--- START ---

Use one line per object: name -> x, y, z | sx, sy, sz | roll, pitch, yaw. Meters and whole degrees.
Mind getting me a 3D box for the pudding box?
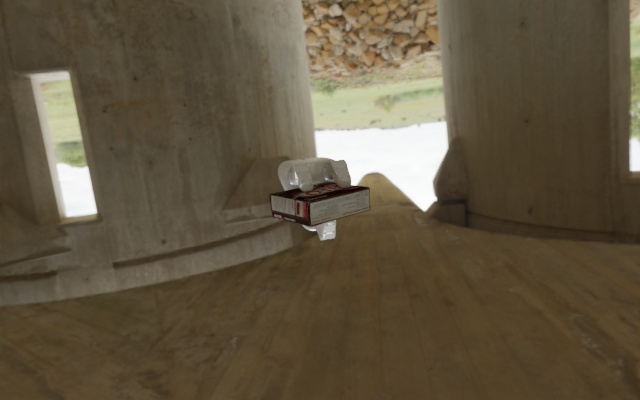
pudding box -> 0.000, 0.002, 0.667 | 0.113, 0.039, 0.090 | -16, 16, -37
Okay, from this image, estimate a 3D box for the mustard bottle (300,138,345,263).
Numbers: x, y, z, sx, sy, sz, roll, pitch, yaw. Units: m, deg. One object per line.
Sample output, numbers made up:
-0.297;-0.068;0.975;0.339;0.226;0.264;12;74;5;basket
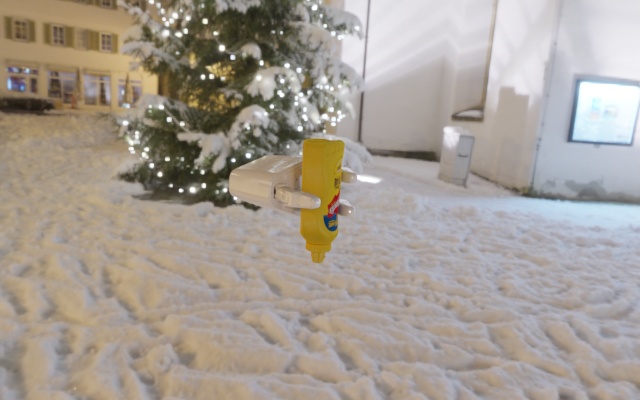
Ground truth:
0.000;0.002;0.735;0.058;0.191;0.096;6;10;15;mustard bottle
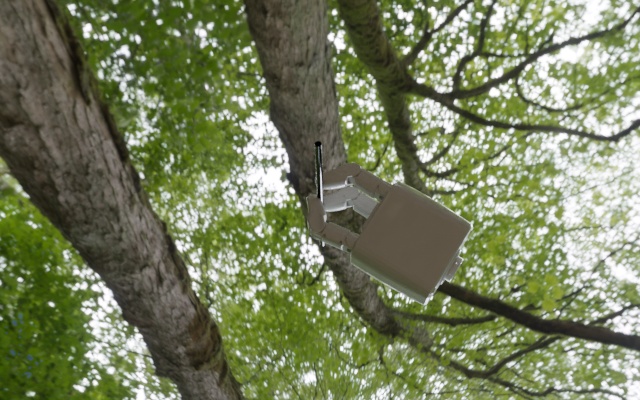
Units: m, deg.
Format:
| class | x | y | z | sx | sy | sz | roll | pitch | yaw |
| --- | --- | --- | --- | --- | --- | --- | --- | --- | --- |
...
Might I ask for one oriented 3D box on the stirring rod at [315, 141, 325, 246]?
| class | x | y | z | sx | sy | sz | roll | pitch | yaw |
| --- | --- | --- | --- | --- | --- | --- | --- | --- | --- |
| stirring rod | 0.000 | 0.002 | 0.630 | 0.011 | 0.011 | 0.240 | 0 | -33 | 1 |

--- END ---
--- START ---

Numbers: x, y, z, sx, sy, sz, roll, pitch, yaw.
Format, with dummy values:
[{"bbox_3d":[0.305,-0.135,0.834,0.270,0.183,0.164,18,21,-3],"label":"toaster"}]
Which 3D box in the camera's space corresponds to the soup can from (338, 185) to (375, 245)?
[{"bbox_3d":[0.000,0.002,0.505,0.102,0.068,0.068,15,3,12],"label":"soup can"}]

--- END ---
--- START ---

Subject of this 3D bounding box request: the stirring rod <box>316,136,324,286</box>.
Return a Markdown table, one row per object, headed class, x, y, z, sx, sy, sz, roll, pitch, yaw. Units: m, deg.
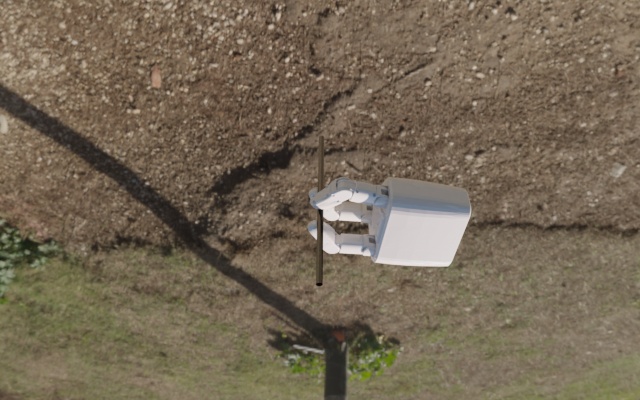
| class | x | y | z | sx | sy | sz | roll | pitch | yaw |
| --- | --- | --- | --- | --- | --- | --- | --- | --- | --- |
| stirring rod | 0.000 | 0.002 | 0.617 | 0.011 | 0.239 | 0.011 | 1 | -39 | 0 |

--- END ---

Copy each line above where "this" appears.

Reply:
Okay, from this image, estimate a 3D box for the mustard bottle (300,138,345,263).
Subject of this 3D bounding box request: the stirring rod <box>316,136,324,286</box>.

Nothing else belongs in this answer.